Setting my lambda equal to zero gave me the highest R-squared values and lowest evaluation metrics, again indicating that my OLS model was a decent fit.

In [43]:
# Fitting a ridge regression model. Alpha is the regularization
# parameter (usually called lambda). As alpha gets larger, parameter
# shrinkage grows more pronounced.
ridgeregr = Ridge(alpha=0) 
ridgeregr.fit(X_train, Y_train)

# We are making predictions here
Y_preds_train = ridgeregr.predict(X_train)
Y_preds_test = ridgeregr.predict(X_test)

print("R-squared of the model on the training set is: {}".format(ridgeregr.score(X_train, Y_train)))
print("-----Test set statistics-----")
print("R-squared of the model on the test set is: {}".format(ridgeregr.score(X_test, Y_test)))
print("Mean absolute error of the prediction is: {}".format(mean_absolute_error(Y_test, Y_preds_test)))
print("Mean squared error of the prediction is: {}".format(mse(Y_test, Y_preds_test)))
print("Root mean squared error of the prediction is: {}".format(rmse(Y_test, Y_preds_test)))
print("Mean absolute percentage error of the prediction is: {}".format(np.mean(np.abs((Y_test - Y_preds_test) / Y_test)) * 100))

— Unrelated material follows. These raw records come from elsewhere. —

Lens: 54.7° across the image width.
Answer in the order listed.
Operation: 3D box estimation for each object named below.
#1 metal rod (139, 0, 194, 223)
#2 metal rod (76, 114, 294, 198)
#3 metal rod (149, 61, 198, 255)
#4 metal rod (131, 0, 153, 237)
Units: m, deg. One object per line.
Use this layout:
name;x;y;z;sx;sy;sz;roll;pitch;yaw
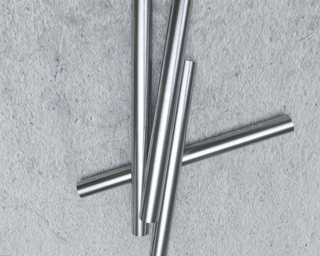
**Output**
metal rod;0.008;-0.031;0.369;0.025;0.025;0.298;8;99;-3
metal rod;0.029;0.041;0.424;0.301;0.025;0.025;-18;109;6
metal rod;0.013;0.064;0.402;0.025;0.025;0.298;8;99;-3
metal rod;-0.024;-0.004;0.389;0.025;0.025;0.298;1;103;-1
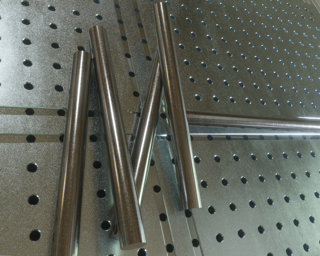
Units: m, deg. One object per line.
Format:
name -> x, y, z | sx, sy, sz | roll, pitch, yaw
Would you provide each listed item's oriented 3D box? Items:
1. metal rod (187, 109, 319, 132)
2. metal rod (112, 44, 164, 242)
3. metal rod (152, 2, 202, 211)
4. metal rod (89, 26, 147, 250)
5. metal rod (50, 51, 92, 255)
metal rod -> 0.162, -0.010, 0.503 | 0.303, 0.025, 0.025 | 2, 61, -27
metal rod -> -0.015, -0.007, 0.405 | 0.025, 0.025, 0.300 | 22, 53, -16
metal rod -> 0.019, -0.042, 0.421 | 0.025, 0.025, 0.299 | 3, 68, -27
metal rod -> -0.057, -0.013, 0.368 | 0.025, 0.025, 0.299 | 3, 55, -27
metal rod -> -0.094, 0.036, 0.336 | 0.025, 0.025, 0.299 | 11, 57, -23
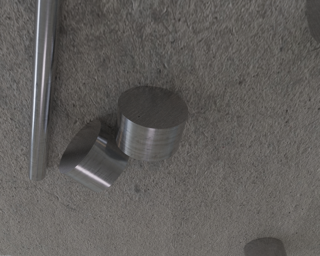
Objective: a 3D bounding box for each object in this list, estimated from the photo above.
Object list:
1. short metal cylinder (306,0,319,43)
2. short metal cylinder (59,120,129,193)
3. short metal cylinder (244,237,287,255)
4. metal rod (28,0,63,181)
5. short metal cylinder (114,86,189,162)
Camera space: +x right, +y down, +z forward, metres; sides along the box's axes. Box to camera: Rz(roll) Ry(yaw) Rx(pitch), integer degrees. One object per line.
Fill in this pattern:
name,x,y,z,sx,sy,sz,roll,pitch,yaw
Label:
short metal cylinder,0.172,-0.117,0.273,0.050,0.080,0.080,-4,130,3
short metal cylinder,-0.084,0.036,0.401,0.080,0.080,0.050,-35,122,26
short metal cylinder,0.212,0.262,0.616,0.081,0.050,0.079,0,130,0
metal rod,-0.141,-0.039,0.372,0.025,0.025,0.298,13,129,-11
short metal cylinder,-0.011,-0.007,0.365,0.081,0.080,0.050,7,130,-6
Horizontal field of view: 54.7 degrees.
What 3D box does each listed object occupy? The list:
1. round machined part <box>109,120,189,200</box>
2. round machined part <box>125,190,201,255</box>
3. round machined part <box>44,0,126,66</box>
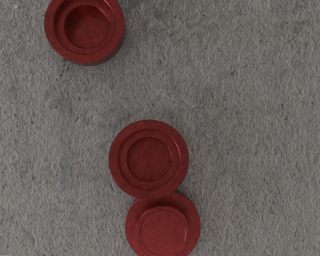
[{"bbox_3d":[-0.013,0.040,0.397,0.099,0.042,0.097,0,83,-1],"label":"round machined part"},{"bbox_3d":[0.004,0.129,0.401,0.099,0.042,0.097,0,90,0],"label":"round machined part"},{"bbox_3d":[-0.093,-0.128,0.400,0.099,0.042,0.097,0,90,0],"label":"round machined part"}]
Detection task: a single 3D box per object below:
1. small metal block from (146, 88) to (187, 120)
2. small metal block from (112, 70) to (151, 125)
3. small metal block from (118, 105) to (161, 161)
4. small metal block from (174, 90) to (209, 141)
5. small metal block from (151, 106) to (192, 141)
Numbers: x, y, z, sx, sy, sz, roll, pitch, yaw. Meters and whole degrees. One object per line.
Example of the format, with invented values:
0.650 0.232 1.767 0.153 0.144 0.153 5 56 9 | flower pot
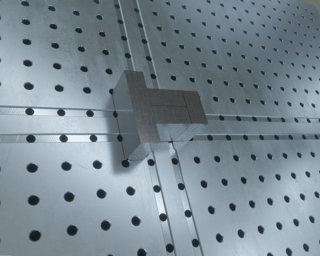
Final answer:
-0.002 -0.027 0.408 0.050 0.050 0.025 0 62 -29 | small metal block
-0.038 -0.038 0.395 0.025 0.050 0.050 0 62 -29 | small metal block
-0.026 0.006 0.375 0.025 0.050 0.050 0 62 -29 | small metal block
0.035 -0.016 0.421 0.025 0.050 0.050 0 62 -29 | small metal block
0.004 -0.005 0.398 0.050 0.050 0.025 0 62 -29 | small metal block
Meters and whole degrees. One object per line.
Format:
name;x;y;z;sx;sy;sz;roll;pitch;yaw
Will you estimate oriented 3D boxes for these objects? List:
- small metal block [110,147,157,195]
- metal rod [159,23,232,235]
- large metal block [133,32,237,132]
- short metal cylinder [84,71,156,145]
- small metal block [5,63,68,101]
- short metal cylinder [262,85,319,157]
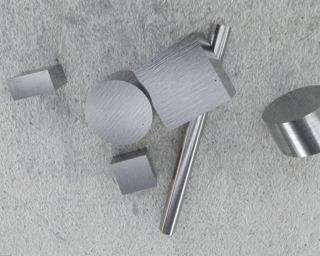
small metal block;-0.035;0.060;0.432;0.050;0.025;0.050;-16;110;5
metal rod;0.042;0.015;0.415;0.025;0.025;0.298;11;110;-4
large metal block;0.030;-0.053;0.358;0.080;0.050;0.080;-28;94;24
short metal cylinder;-0.045;-0.026;0.381;0.080;0.050;0.079;3;113;7
small metal block;-0.147;-0.057;0.374;0.050;0.050;0.025;-13;110;4
short metal cylinder;0.174;-0.009;0.379;0.080;0.080;0.050;-30;108;10
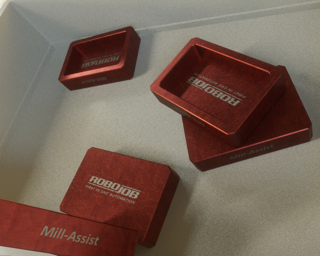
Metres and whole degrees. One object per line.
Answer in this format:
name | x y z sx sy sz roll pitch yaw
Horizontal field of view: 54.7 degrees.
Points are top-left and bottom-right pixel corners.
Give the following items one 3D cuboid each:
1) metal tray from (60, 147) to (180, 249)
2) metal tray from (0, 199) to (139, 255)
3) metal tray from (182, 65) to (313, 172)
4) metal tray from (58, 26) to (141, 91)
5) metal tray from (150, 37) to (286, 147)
metal tray | -0.051 0.079 0.379 0.130 0.030 0.090 10 66 32
metal tray | -0.096 0.091 0.276 0.090 0.131 0.030 -15 57 51
metal tray | 0.094 -0.011 0.359 0.130 0.030 0.090 -19 54 16
metal tray | -0.102 -0.117 0.525 0.130 0.030 0.090 -6 59 24
metal tray | 0.062 -0.047 0.358 0.130 0.030 0.090 34 80 38
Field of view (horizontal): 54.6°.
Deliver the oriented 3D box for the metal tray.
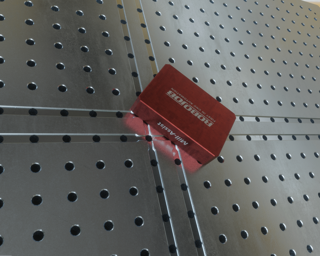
[{"bbox_3d":[0.037,-0.021,0.437,0.130,0.030,0.090,37,51,-4],"label":"metal tray"}]
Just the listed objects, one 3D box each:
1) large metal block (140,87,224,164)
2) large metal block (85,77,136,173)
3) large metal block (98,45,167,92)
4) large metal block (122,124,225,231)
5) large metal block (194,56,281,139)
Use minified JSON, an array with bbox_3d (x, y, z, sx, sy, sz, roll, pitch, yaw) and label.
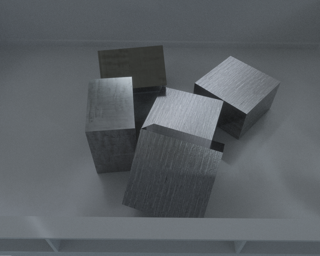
[{"bbox_3d":[0.028,0.001,0.388,0.080,0.050,0.080,15,52,12],"label":"large metal block"},{"bbox_3d":[-0.055,-0.003,0.370,0.050,0.080,0.080,-4,50,-4],"label":"large metal block"},{"bbox_3d":[-0.037,-0.075,0.423,0.081,0.080,0.050,-6,92,-5],"label":"large metal block"},{"bbox_3d":[0.016,0.047,0.320,0.080,0.079,0.050,16,10,11],"label":"large metal block"},{"bbox_3d":[0.102,-0.044,0.425,0.080,0.050,0.080,36,58,26],"label":"large metal block"}]
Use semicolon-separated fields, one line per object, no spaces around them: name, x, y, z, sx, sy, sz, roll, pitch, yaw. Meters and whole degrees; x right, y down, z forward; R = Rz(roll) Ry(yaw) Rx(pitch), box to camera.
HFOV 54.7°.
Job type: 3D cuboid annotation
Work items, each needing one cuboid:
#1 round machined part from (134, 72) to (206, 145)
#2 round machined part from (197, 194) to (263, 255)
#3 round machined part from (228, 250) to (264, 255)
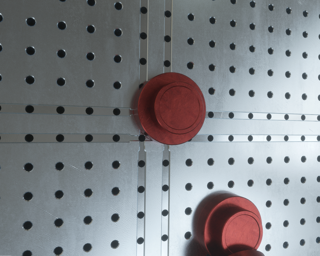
round machined part;0.018;-0.026;0.411;0.099;0.042;0.097;0;90;-21
round machined part;0.107;0.147;0.445;0.099;0.042;0.097;0;90;-20
round machined part;0.110;0.215;0.422;0.099;0.042;0.097;-10;127;-13
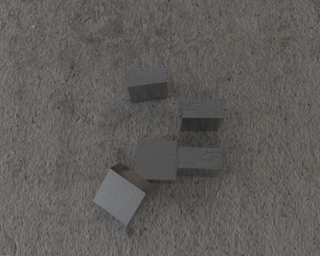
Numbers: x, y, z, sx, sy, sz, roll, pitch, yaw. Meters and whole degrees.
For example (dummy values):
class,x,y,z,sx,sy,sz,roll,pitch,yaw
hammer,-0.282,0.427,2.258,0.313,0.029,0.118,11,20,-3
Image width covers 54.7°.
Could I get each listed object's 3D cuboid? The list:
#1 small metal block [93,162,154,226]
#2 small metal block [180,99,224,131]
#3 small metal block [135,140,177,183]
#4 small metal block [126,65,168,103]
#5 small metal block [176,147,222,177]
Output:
class,x,y,z,sx,sy,sz,roll,pitch,yaw
small metal block,-0.043,0.077,0.366,0.050,0.025,0.050,33,110,11
small metal block,0.053,-0.016,0.401,0.050,0.050,0.025,0,70,0
small metal block,-0.004,0.043,0.392,0.050,0.025,0.050,1,70,0
small metal block,-0.017,-0.058,0.416,0.050,0.050,0.025,-8,71,-3
small metal block,0.046,0.043,0.379,0.050,0.050,0.025,2,70,0
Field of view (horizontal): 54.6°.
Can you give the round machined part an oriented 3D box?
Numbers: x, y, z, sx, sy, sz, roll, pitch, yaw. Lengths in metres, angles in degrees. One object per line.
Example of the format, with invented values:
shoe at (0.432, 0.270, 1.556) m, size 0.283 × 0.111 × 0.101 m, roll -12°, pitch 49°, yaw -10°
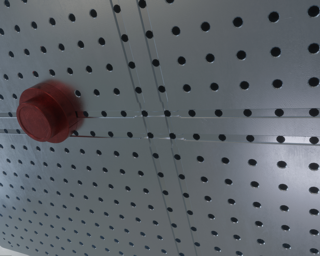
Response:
round machined part at (-0.184, -0.017, 0.488) m, size 0.098 × 0.042 × 0.097 m, roll 13°, pitch 124°, yaw 21°

R-squared of the model on the training set is: 0.7650894701062251
-----Test set statistics-----
R-squared of the model on the test set is: 0.7747194916253897
Mean absolute error of the prediction is: 25281.842278245338
Mean squared error of the prediction is: [1.51246667e+09]
Root mean squared error of the prediction is: [38890.44443061]
Mean absolute percentage error of the prediction is: saleprice   15.023
dtype: float64


## ElasticNet Regression Model

Like the Ridge model, using 0 as my alpha gave me the best values.

In [52]:
elasticregr = ElasticNet(alpha=0, l1_ratio=0.5) 
elasticregr.fit(X_train, Y_train)

# We are making predictions here
Y_preds_train = elasticregr.predict(X_train)
Y_preds_test = elasticregr.predict(X_test)

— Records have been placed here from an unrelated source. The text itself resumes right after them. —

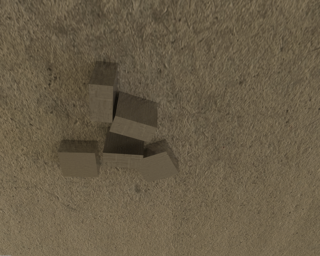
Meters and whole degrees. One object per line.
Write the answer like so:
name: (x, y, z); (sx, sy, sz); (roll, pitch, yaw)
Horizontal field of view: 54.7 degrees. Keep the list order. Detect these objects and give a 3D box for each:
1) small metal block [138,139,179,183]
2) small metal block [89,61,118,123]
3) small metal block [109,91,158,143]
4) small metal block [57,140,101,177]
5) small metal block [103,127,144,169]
small metal block: (-0.005, 0.048, 0.448); (0.050, 0.025, 0.050); (-18, 128, 14)
small metal block: (-0.064, -0.042, 0.355); (0.025, 0.050, 0.050); (5, 130, -4)
small metal block: (-0.031, -0.014, 0.378); (0.050, 0.050, 0.025); (16, 128, -14)
small metal block: (-0.114, 0.044, 0.444); (0.050, 0.025, 0.050); (1, 130, -2)
small metal block: (-0.047, 0.026, 0.412); (0.050, 0.050, 0.025); (4, 130, -4)
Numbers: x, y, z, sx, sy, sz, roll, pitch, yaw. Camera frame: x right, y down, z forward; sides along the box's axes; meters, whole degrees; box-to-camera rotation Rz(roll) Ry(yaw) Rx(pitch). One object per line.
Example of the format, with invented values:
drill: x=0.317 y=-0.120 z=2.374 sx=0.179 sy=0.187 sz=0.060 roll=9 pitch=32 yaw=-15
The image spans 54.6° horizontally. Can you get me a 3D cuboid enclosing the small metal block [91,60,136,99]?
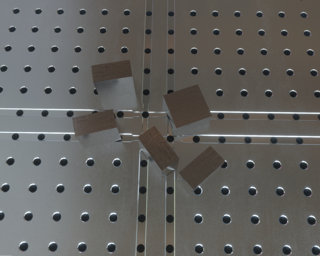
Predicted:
small metal block: x=-0.062 y=-0.065 z=0.422 sx=0.050 sy=0.050 sz=0.025 roll=-9 pitch=71 yaw=-3

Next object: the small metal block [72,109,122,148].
small metal block: x=-0.079 y=0.002 z=0.397 sx=0.050 sy=0.050 sz=0.025 roll=-13 pitch=71 yaw=-5

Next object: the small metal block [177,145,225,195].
small metal block: x=0.049 y=0.053 z=0.379 sx=0.050 sy=0.050 sz=0.025 roll=-39 pitch=75 yaw=-13

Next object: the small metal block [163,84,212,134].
small metal block: x=0.036 y=-0.025 z=0.421 sx=0.050 sy=0.025 sz=0.050 roll=-19 pitch=71 yaw=-7

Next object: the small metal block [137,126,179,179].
small metal block: x=-0.002 y=0.031 z=0.387 sx=0.025 sy=0.050 sz=0.050 roll=-34 pitch=74 yaw=-11
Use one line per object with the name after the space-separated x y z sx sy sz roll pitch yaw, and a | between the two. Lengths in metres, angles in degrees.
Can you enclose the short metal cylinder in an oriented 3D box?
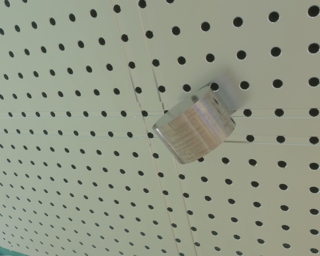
0.038 -0.004 0.354 0.080 0.080 0.050 -30 102 38 | short metal cylinder
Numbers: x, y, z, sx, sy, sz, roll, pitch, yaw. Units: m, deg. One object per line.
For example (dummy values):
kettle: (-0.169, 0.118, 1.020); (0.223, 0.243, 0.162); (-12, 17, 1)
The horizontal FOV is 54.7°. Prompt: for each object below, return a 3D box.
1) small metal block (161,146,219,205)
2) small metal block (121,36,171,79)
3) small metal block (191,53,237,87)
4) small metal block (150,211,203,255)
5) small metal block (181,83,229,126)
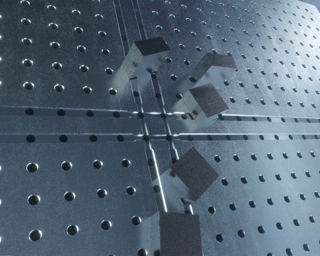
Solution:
small metal block: (0.039, 0.060, 0.394); (0.050, 0.025, 0.050); (49, 51, 5)
small metal block: (-0.021, -0.101, 0.444); (0.050, 0.050, 0.025); (-24, 75, -37)
small metal block: (0.086, -0.092, 0.497); (0.050, 0.050, 0.025); (0, 62, -29)
small metal block: (0.018, 0.123, 0.344); (0.050, 0.025, 0.050); (12, 57, -22)
small metal block: (0.068, -0.037, 0.469); (0.050, 0.025, 0.050); (-22, 74, -36)
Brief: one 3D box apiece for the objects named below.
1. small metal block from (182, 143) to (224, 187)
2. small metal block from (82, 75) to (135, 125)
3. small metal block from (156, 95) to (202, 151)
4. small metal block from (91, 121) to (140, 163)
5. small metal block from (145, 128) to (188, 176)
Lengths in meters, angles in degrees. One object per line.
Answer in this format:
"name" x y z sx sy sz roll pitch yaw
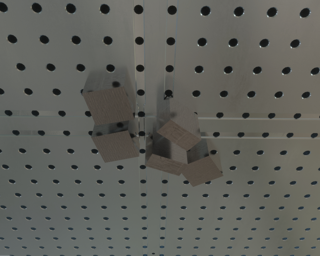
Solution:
"small metal block" 0.059 0.056 0.461 0.050 0.025 0.050 -25 126 19
"small metal block" -0.061 -0.034 0.382 0.050 0.025 0.050 -9 130 7
"small metal block" 0.023 -0.006 0.390 0.050 0.050 0.025 33 123 -25
"small metal block" -0.059 0.018 0.426 0.050 0.025 0.050 -11 130 9
"small metal block" 0.008 0.033 0.423 0.050 0.050 0.025 19 128 -16

print("R-squared of the model on the training set is: {}".format(elasticregr.score(X_train, Y_train)))
print("-----Test set statistics-----")
print("R-squared of the model on the test set is: {}".format(elasticregr.score(X_test, Y_test)))
print("Mean absolute error of the prediction is: {}".format(mean_absolute_error(Y_test, Y_preds_test)))
print("Mean squared error of the prediction is: {}".format(mean_squared_error(Y_test, Y_preds_test)))
print("Root mean squared error of the prediction is: {}".format(sqrt(mean_squared_error(Y_test, Y_preds_test))))
print("Mean absolute percentage error of the prediction is: {}".format(np.mean(np.abs((Y_test['saleprice'] - Y_preds_test)/Y_test['saleprice']) * 100)))


R-squared of the model on the training set is: 0.765089470106225
-----Test set statistics-----
R-squared of the model on the test set is: 0.7747194916253897
Mean absolute error of the prediction is: 25281.842278245324
Mean squared error of the prediction is: 1512466668.010355
Root mean squared error of the prediction is: 38890.44443060988
Mean absolute percentage error of the prediction is: 15.023300986071774


## Conclusion

My OLS model is a good fit for the data. I understand that because two of the other models gave the best vaues when the lambda/alpha was zero, the OLS model was not overfitting the data. 

Is there another way to choose a lambda without guess and check? It seems like cross-validation is the way to go, but I'm not sure I understand how that would work.